Pero una de las muchachas se pone de pie y le devuelve una mirada fija —tiene los ojos desorbitados y un rostro como de rana—. ¿Cómo se atreve a mirarlo? Por un momento, siente la tentación de golpearla, pero se contiene a tiempo. No hay gloria alguna en matar a una mujer y, además, está cansado, cansado como no ha estado jamás en toda su vida. El brazo derecho le cuelga del hombro tan muerto como una pala. La sangre de Príamo le tensa la piel con su nauseabundo olor a pescado y a hierro. Se queda mirando el cuerpo un momento y siente el impulso de darle una patada en el costado. Decide que Príamo no tendrá funeral. No habrá honores, ni ritos funerarios, ni dignidad en su muerte. Hará exactamente lo mismo que hizo su padre con Héctor, atará con correas los escuálidos tobillos del anciano a su carro y lo arrastrará de vuelta al campamento. Pero primero tiene que alejarse de aquellos gritos y llantos, por lo que, a ciegas, no sin dificultad franquea una puerta a su derecha.

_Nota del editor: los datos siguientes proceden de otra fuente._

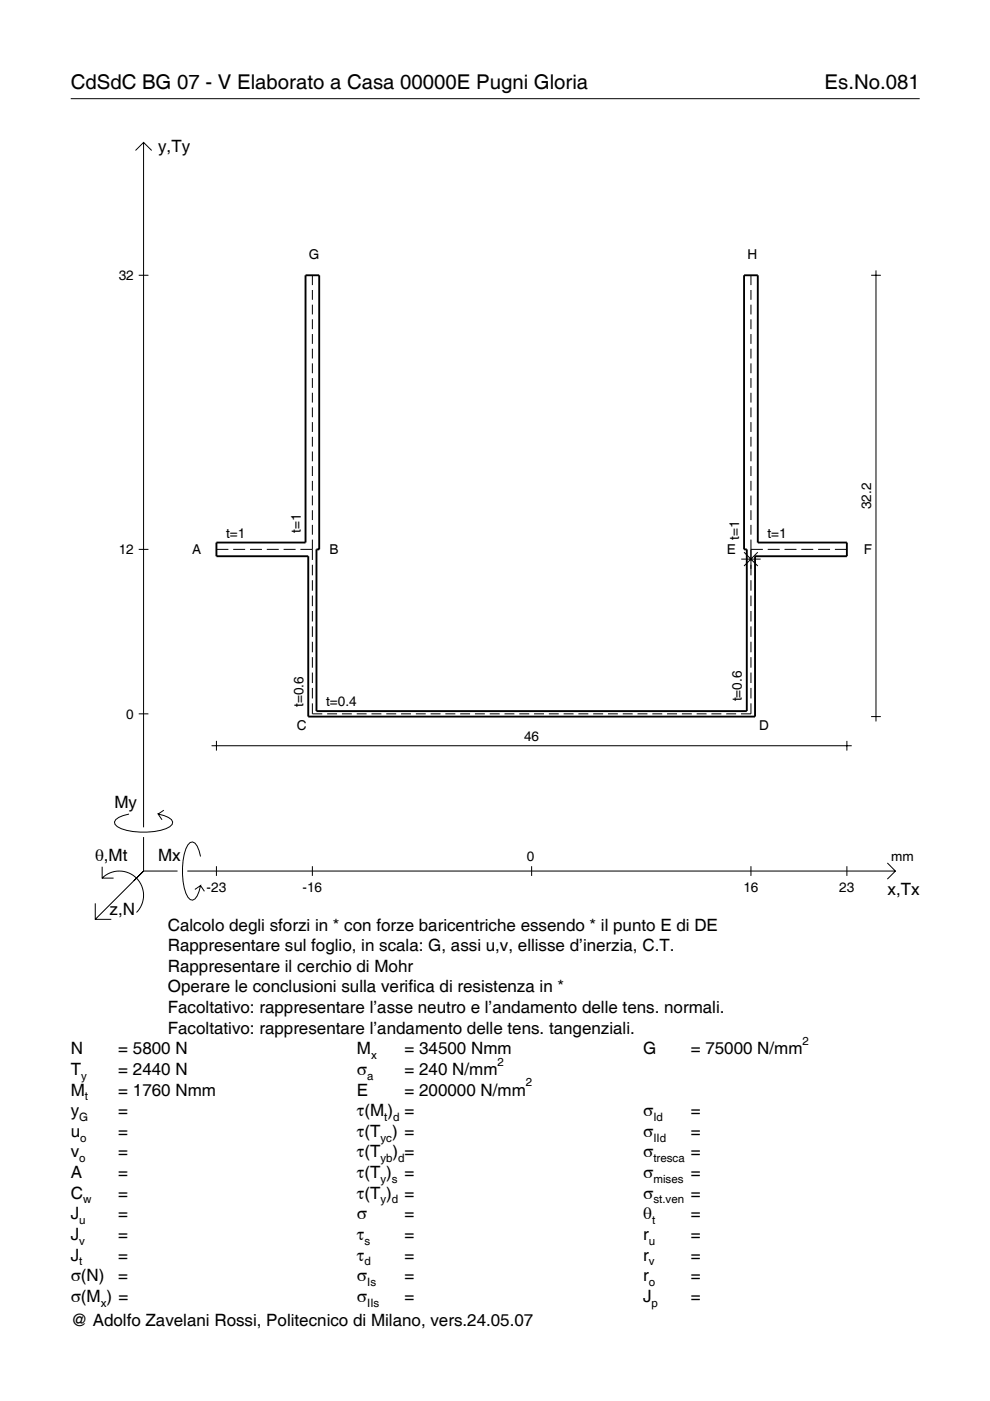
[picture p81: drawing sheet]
<svg xmlns="http://www.w3.org/2000/svg" width="210mm" height="297mm" viewBox="0 0 210 297" stroke-linecap="round" stroke-linejoin="round" font-family="sans-serif">
<defs><g id="words">
<g font-size="4.3">
<text x="15" y="18.9">CdSdC BG 07 - V Elaborato a Casa 00000E Pugni Gloria</text>
<text x="174.8" y="18.9">Es.No.081</text>
</g>
<g font-size="3.6">
<text x="33.5" y="32.3">y,Ty</text>
<text x="24.3" y="171.3">My</text>
<text x="20.1" y="182.6">θ,Mt</text>
<text x="33.5" y="182.6">Mx</text>
<text x="188.2" y="189.8">x,Tx</text>
<text x="23.2" y="193.9">z,N</text>
<text x="35.6" y="197.3">Calcolo degli sforzi in * con forze baricentriche essendo * il punto E di DE</text>
<text x="35.6" y="201.7">Rappresentare sul foglio, in scala: G, assi u,v, ellisse d’inerzia, C.T.</text>
<text x="35.6" y="206">Rappresentare il cerchio di Mohr</text>
<text x="35.6" y="210.4">Operare le conclusioni sulla verifica di resistenza in *</text>
<text x="35.6" y="214.8">Facoltativo: rappresentare l’asse neutro e l’andamento delle tens. normali.</text>
<text x="35.6" y="219.2">Facoltativo: rappresentare l’andamento delle tens. tangenziali.</text>
<text x="15" y="223.5">N</text>
<text x="15" y="227.9">T</text>
<text x="25.1" y="223.5">= 5800 N</text>
<text x="25.1" y="227.9">= 2440 N</text>
<text x="75.7" y="227.9">σ</text>
<text x="75.7" y="223.5">M</text>
<text x="85.8" y="223.5">= 34500 Nmm</text>
<text x="85.8" y="227.9">= 240 N/mm</text>
<text x="136.4" y="223.5">G</text>
<text x="146.5" y="223.5">= 75000 N/mm</text>
<text x="15" y="232.3">M</text>
<text x="25.1" y="232.3">= 1760 Nmm</text>
<text x="75.7" y="232.3">E</text>
<text x="85.8" y="232.3">= 200000 N/mm</text>
<text x="15" y="236.7">y</text>
<text x="25.1" y="236.7">=</text>
<text x="75.7" y="236.7">τ(M ) =</text>
<text x="136.4" y="236.7">σ</text>
<text x="146.5" y="236.7">=</text>
<text x="15" y="241">u</text>
<text x="15" y="245.4">v</text>
<text x="25.1" y="241">=</text>
<text x="25.1" y="245.4">=</text>
<text x="75.7" y="241">τ(T ) =</text>
<text x="75.7" y="245.4">τ(T</text>
<text x="83.3" y="245.4">) =</text>
<text x="136.4" y="241">σ</text>
<text x="136.4" y="245.4">σ</text>
<text x="146.5" y="241">=</text>
<text x="146.5" y="245.4">=</text>
<text x="15" y="249.8">A</text>
<text x="25.1" y="249.8">=</text>
<text x="75.7" y="249.8">τ(T )</text>
<text x="85.8" y="249.8">=</text>
<text x="136.4" y="249.8">σ</text>
<text x="146.5" y="249.8">=</text>
<text x="15" y="254.2">C</text>
<text x="25.1" y="254.2">=</text>
<text x="75.7" y="254.2">τ(T )</text>
<text x="85.8" y="254.2">=</text>
<text x="136.4" y="254.2">σ</text>
<text x="146.5" y="254.2">=</text>
<text x="15" y="258.5">J</text>
<text x="15" y="262.9">J</text>
<text x="25.1" y="258.5">=</text>
<text x="25.1" y="262.9">=</text>
<text x="75.7" y="258.5">σ</text>
<text x="75.7" y="262.9">τ</text>
<text x="85.8" y="258.5">=</text>
<text x="85.8" y="262.9">=</text>
<text x="136.4" y="258.5">θ</text>
<text x="136.4" y="262.9">r</text>
<text x="146.5" y="258.5">=</text>
<text x="146.5" y="262.9">=</text>
<text x="15" y="267.3">J</text>
<text x="25.1" y="267.3">=</text>
<text x="75.7" y="267.3">τ</text>
<text x="85.8" y="267.3">=</text>
<text x="136.4" y="267.3">r</text>
<text x="146.5" y="267.3">=</text>
<text x="15" y="271.7">σ(N)</text>
<text x="25.1" y="271.7">=</text>
<text x="75.7" y="271.7">σ</text>
<text x="85.8" y="271.7">=</text>
<text x="136.4" y="271.7">r</text>
<text x="146.5" y="271.7">=</text>
<text x="15" y="276">σ(M ) =</text>
<text x="15" y="281.2">@ Adolfo Zavelani Rossi, Politecnico di Milano, vers.24.05.07</text>
<text x="75.7" y="276">σ</text>
<text x="85.8" y="276">=</text>
<text x="136.4" y="276">J</text>
<text x="146.5" y="276">=</text>
</g>
<g font-size="2.9">
<text x="25.2" y="59.4">32</text>
<text x="65.5" y="54.9">G</text>
<text x="158.5" y="54.9">H</text>
<text x="184.7" y="108" transform="rotate(-90 184.7 108)">32.2</text>
<text x="63.7" y="113" transform="rotate(-90 63.7 113)">t=1</text>
<text x="25.2" y="117.5">12</text>
<text x="40.8" y="117.4">A</text>
<text x="47.9" y="114">t=1</text>
<text x="69.9" y="117.4">B</text>
<text x="154.1" y="117.4">E</text>
<text x="156.7" y="114.4" transform="rotate(-90 156.7 114.4)">t=1</text>
<text x="162.7" y="114">t=1</text>
<text x="183.2" y="117.4">F</text>
<text x="64.3" y="149.9" transform="rotate(-90 64.3 149.9)">t=0.6</text>
<text x="69.2" y="149.7">t=0.4</text>
<text x="157.3" y="148.7" transform="rotate(-90 157.3 148.7)">t=0.6</text>
<text x="26.8" y="152.4">0</text>
<text x="63" y="154.8">C</text>
<text x="161" y="154.8">D</text>
<text x="111.1" y="157.1">46</text>
<text x="111.7" y="182.6">0</text>
<text x="189" y="182.6">mm</text>
<text x="43.8" y="189.1">-23</text>
<text x="64.1" y="189.1">-16</text>
<text x="157.6" y="189.1">16</text>
<text x="178" y="189.1">23</text>
</g>
<g font-size="2.4">
<text x="170.2" y="221.5">2</text>
<text x="78.7" y="224.5">x</text>
<text x="105.5" y="225.9">2</text>
<text x="17.2" y="228.9">y</text>
<text x="18" y="233.3">t</text>
<text x="77.9" y="228.9">a</text>
<text x="111.5" y="230.3">2</text>
<text x="16.8" y="237.7">G</text>
<text x="81.5" y="237.7">t d</text>
<text x="138.5" y="237.7">Id</text>
<text x="17" y="242">o</text>
<text x="80.7" y="242">yc</text>
<text x="138.5" y="242">IId</text>
<text x="16.8" y="246.4">o</text>
<text x="80.7" y="246.4">yb d</text>
<text x="80.7" y="250.8">y s</text>
<text x="138.5" y="246.4">tresca</text>
<text x="138.5" y="250.8">mises</text>
<text x="17.6" y="255.2">w</text>
<text x="80.7" y="255.2">y d</text>
<text x="138.5" y="255.2">st.ven</text>
<text x="16.8" y="259.5">u</text>
<text x="16.8" y="263.9">v</text>
<text x="77.3" y="263.9">s</text>
<text x="137.6" y="263.9">u</text>
<text x="138.2" y="259.5">t</text>
<text x="16.8" y="268.3">t</text>
<text x="77.3" y="268.3">d</text>
<text x="137.6" y="268.3">v</text>
<text x="77.9" y="272.7">Is</text>
<text x="137.6" y="272.7">o</text>
<text x="21.4" y="277">x</text>
<text x="77.9" y="277">IIs</text>
<text x="138.2" y="277">p</text>
</g>
</g></defs>
<g fill="none" stroke="#000" stroke-width=".21">
<path d="M15 20.9h180M28.7 31.9l1.7-1.7 1.8 1.7M30.4 30.2v145.2M29.4 58.4h2.1M66.2 58.4v2.1M159.2 58.4v2.1M184.7 58.4h2.1M185.7 57.3v95.7M66.2 61.5v2.1M66.2 64.6v2.1M66.2 67.7v2.1M66.2 70.8v2.1"/>
<path d="M66.2 73.9v2.1M66.2 77v2.1M159.2 61.5v2.1M159.2 64.6v2.1M159.2 67.7v2.1M159.2 70.8v2.1M159.2 73.9v2.1M159.2 77v2.1M66.2 80.2v2M66.2 83.3v2.1M66.2 86.4v2.1M66.2 89.5v2.1"/>
<path d="M66.2 92.6v2.1M66.2 95.7v2.1M66.2 98.8v2.1M159.2 80.2v2M159.2 83.3v2.1M159.2 86.4v2.1M159.2 89.5v2.1M159.2 92.6v2.1M159.2 95.7v2.1M159.2 98.8v2.1M29.4 116.5h2.1M45.9 116.5h2.5"/>
<path d="M49.4 116.5h2.6M53 116.5h2.5M56.6 116.5h2.5M60.1 116.5h2.6M63.7 116.5h2.5M66.2 102v2M66.2 105.1v2M66.2 108.2v2.1M66.2 111.3v2.1M66.2 114.4v4.3M66.2 119.7v2.3M157.2 118.5h4.1"/>
<path d="M157.8 117.1l2.9 2.9M159.2 116.5h2.5M159.2 102v2M159.2 105.1v2M159.2 108.2v2.1M159.2 111.3v2.1M159.2 114.4v7.6M160.7 117.1l-2.9 2.9M162.8 116.5h2.5M166.3 116.5h2.6M169.9 116.5h2.5M173.5 116.5h2.5"/>
<path d="M177 116.5h2.6M66.2 123v2.2M66.2 126.3v2.2M66.2 129.5v2.3M66.2 132.8v2.2M66.2 136.1v2.2M66.2 139.3v2.3M159.2 123v2.2M159.2 126.3v2.2M159.2 129.5v2.3M159.2 132.8v2.2M159.2 136.1v2.2"/>
<path d="M159.2 139.3v2.3M29.4 151.4h2.1M44.9 158.1h135.7M45.9 157.1v2M66.2 149.1v2.3h2.1M66.2 142.6v2.2M66.2 145.9v2.2M69.4 151.4h2.1M72.5 151.4h2.1M75.6 151.4h2.1M78.8 151.4h2.1M81.9 151.4h2.1"/>
<path d="M85 151.4h2.1M88.2 151.4h2.1M91.3 151.4h2.1M94.4 151.4h2.1M97.6 151.4h2.1M100.7 151.4h2.1M103.8 151.4h2.1M107 151.4h2.1M110.1 151.4h2.1M113.2 151.4h2.1M116.4 151.4h2.1M119.5 151.4h2.1"/>
<path d="M122.6 151.4h2.1M125.8 151.4h2.1M128.9 151.4h2.1M132 151.4h2.1M135.2 151.4h2.1M138.3 151.4h2.1M141.4 151.4h2.1M144.6 151.4h2.1M147.7 151.4h2.1M150.8 151.4h2.1M154 151.4h2.1M159.2 149.1v2.3h-2.1"/>
<path d="M159.2 142.6v2.2M159.2 145.9v2.2M179.6 157.1v2M184.7 151.9h2.1M27.3 172.6a3.6 3.6 0 0 0-3 1.7l.1 .5a5.7 5.7 0 0 0 3.8 1.5 13.3 13.3 0 0 0 7.8-1l.5-.5 .1-.5a3.6 3.6 0 0 0-3.1-1.7l.8 1.2M30.4 177.5v7.2M34.7 171.8l-1.2 .8M20.2 191.5v3.4h3.4M21.7 186.2a5.1 5.1 0 0 1 7.2 0 5.1 5.1 0 0 1 0 7.3M21.7 183.8v2.4h2.4M30.4 184.7l-10.2 10.2M30.4 184.7l-2 2"/>
<path d="M30.4 184.7h7.2M39.7 184.7h150.1M42.5 181.6a3.6 3.6 0 0 0-1.7-3.1l-.5 .1a5.7 5.7 0 0 0-1.5 3.8 13.3 13.3 0 0 0 1 7.8l.5 .5 .5 .2a3.6 3.6 0 0 0 1.7-3.1l-1.2 .8M42.5 187.8l.8 1.2M45.9 183.7v2M66.2 183.7v2M112.7 183.7v2M159.2 183.7v2M179.6 183.7v2M188.1 183l1.7 1.7-1.7 1.7"/>
</g>
<path d="M64.8 58.4h2.9v58.1h-.6v34.3h91.2v-34.3h-.5v-58.1h2.9v56.6h18.9v2.9h-19.5v34h-94.7v-34h-19.5v-2.9h18.9z" fill="none" stroke="#000" stroke-width=".4"/>
<use href="#words"/>
</svg>

Allí, a oscuras, se está fresco y tranquilo: los gritos de las mujeres se oyen más débiles ahora. Cuando sus ojos se acostumbran a la oscuridad, ve un perchero de túnicas ceremoniales y, junto a él, una silla con vestiduras sacerdotales colgadas del respaldo. Aquel debía de ser el vestidor de Príamo. Quedándose junto a la puerta, escucha, y siente que la habitación lo rehúye igual que las mujeres. Todo está en silencio, vacío. Pero, entonces, de repente, advierte un movimiento en el rincón más alejado. Hay alguien escondido entre las sombras, aunque solo puede distinguir una silueta. ¿Una mujer? No, por lo que ha podido entrever, está casi seguro de que se trata de un hombre. Apartando a un lado el perchero de túnicas, avanza hacia allí, y entonces casi se echa a reír a carcajadas de alegría y alivio, pues, justo delante de él, está Aquiles. Solo puede ser él: la brillante armadura, el cabello suelto —y es una señal, una señal de que al fin ha sido aceptado—. Avanza confiado, intentando penetrar con la vista en la oscuridad, y ve que Aquiles se le acerca cubierto de sangre; todo está rojo, desde el casco de plumas hasta sus pies calzados con sandalias. Tiene rojo incluso el pelo; ni anaranjado ni color zanahoria, no, rojo como la sangre o como el fuego. En el último momento, cuando se encuentran cara a cara, extiende la mano y sus dedos pegajosos encuentran algo duro y frío.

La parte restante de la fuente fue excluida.